The Deputy of St. Mary :

Well, if Jersey Post were buying first-class then you would expect it to be 20 per cent less than these figures.

Chief Executive, Jersey Choice Limited: Yes.

The Deputy of St. Mary : Per unit or per gram.

Chief Executive, Jersey Choice Limited:

But it does not make sense. None of this makes sense to me; that I, as someone who has no logistics expertise whatsoever, would be able to buy, effectively, the identical service, or even a slightly better service than I am getting, at retail with no ability to negotiate price with Jersey Post at a price far less than they are charging me and they are telling me they are not making excessive profits on providing with me with this service. I think I know the answer as to why that is the case; it is because they have been extremely poor in negotiating the access price that they pay to Royal Mail and they are paying Royal Mail for delivering my mail more, materially more, than Royal Mail charges retail customers in the U.K.

The Deputy of St. Mary :

Is there any way out of that for Jersey Post, given that Royal Mail have a complete monopoly as to final mail? So how often does Jersey Post ...

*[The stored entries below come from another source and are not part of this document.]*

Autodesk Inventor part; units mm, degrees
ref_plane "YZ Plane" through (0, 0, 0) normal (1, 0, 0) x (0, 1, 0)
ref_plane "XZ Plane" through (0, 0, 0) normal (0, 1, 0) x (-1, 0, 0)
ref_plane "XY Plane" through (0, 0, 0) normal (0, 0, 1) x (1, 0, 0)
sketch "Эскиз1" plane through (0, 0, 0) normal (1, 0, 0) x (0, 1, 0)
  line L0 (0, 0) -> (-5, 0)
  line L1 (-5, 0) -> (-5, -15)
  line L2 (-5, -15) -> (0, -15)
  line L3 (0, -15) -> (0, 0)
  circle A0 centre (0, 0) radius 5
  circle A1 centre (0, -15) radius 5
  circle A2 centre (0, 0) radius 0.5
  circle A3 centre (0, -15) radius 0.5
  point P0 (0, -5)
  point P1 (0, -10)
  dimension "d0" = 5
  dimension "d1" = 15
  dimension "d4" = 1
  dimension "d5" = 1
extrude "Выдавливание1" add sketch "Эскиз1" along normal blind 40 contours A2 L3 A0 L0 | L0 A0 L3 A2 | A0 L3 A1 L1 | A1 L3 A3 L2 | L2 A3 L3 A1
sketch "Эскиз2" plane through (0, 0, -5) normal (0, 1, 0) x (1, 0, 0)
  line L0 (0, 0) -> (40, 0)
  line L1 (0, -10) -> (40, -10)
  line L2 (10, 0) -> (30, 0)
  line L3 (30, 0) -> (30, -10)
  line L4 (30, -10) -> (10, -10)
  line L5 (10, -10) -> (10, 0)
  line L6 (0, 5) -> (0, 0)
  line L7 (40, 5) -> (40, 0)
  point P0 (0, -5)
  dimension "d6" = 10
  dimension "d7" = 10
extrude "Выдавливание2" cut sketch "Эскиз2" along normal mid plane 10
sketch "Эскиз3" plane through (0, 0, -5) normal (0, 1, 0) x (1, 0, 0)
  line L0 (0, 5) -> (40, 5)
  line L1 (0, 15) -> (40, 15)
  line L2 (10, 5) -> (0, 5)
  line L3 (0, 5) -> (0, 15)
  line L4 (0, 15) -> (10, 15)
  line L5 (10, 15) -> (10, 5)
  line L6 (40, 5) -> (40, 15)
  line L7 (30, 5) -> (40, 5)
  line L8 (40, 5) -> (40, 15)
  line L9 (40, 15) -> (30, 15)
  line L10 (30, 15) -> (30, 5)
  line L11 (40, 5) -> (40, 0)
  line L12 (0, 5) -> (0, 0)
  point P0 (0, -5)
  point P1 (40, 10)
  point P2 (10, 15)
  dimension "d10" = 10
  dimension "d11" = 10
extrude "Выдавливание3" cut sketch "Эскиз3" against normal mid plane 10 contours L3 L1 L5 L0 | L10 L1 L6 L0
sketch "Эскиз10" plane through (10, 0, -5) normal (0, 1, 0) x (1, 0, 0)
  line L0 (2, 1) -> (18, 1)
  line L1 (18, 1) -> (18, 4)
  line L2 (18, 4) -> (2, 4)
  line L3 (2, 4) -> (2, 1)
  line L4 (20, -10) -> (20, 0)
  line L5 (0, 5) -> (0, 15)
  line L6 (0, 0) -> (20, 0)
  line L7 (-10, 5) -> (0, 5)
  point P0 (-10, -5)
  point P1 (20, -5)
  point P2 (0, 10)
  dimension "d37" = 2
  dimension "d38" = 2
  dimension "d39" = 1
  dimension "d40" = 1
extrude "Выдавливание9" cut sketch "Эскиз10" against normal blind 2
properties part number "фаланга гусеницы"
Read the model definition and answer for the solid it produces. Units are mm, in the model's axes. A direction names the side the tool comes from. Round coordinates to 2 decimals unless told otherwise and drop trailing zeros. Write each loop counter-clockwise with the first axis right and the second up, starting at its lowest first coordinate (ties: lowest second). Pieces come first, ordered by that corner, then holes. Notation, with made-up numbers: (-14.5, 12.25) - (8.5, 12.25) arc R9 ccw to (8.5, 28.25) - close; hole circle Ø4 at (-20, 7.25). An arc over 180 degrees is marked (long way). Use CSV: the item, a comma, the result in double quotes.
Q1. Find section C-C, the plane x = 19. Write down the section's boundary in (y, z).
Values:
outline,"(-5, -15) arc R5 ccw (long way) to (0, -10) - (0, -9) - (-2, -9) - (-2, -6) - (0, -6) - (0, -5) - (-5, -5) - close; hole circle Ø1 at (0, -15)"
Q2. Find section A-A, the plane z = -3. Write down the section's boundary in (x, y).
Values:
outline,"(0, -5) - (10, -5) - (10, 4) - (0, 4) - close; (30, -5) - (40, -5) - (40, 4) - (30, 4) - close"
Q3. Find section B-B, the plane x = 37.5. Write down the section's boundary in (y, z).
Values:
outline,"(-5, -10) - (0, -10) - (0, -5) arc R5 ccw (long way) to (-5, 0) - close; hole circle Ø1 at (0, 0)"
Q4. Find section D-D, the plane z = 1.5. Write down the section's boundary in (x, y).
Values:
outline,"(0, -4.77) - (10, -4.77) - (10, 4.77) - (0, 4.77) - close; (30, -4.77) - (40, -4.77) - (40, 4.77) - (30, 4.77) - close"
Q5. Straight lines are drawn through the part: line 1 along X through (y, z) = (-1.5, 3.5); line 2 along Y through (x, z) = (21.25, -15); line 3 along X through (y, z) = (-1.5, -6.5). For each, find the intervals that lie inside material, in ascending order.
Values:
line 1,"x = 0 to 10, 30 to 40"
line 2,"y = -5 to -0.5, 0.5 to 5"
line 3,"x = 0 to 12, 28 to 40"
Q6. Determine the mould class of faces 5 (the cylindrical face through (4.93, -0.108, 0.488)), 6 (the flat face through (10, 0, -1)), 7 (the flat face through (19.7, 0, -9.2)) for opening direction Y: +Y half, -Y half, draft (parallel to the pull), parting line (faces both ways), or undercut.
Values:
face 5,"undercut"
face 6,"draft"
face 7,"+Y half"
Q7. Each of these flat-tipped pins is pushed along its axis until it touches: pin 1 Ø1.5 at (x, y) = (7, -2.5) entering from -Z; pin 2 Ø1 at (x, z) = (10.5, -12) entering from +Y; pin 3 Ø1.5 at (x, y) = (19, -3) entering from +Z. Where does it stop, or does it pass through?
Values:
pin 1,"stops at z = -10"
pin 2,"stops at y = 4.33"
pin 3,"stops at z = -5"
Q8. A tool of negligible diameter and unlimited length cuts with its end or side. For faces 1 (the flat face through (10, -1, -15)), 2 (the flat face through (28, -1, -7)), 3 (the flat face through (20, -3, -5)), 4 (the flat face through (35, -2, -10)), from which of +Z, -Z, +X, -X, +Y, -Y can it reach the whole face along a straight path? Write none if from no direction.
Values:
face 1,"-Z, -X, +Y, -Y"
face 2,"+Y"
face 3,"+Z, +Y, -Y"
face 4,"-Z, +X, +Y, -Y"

Chief Executive, Jersey Choice Limited:

Well, because they are paying considerably more than Citipost pay. They are paying considerably more than a Direct Access person pays. They are, at the moment, desperately trying to ... it is related to the fact that they are a post office and so they access Royal Mail through Royal Mail International. The method of access for Jersey Post into the Royal Mail network has not changed in any way, shape or form since deregulation. What should have happened, and I have pointed it out to Jersey Post on numerous occasions over the last 10 years, is that when deregulation came in they should have had a point of access through that route. They have not done that.

The Deputy of St. Mary : Through which route?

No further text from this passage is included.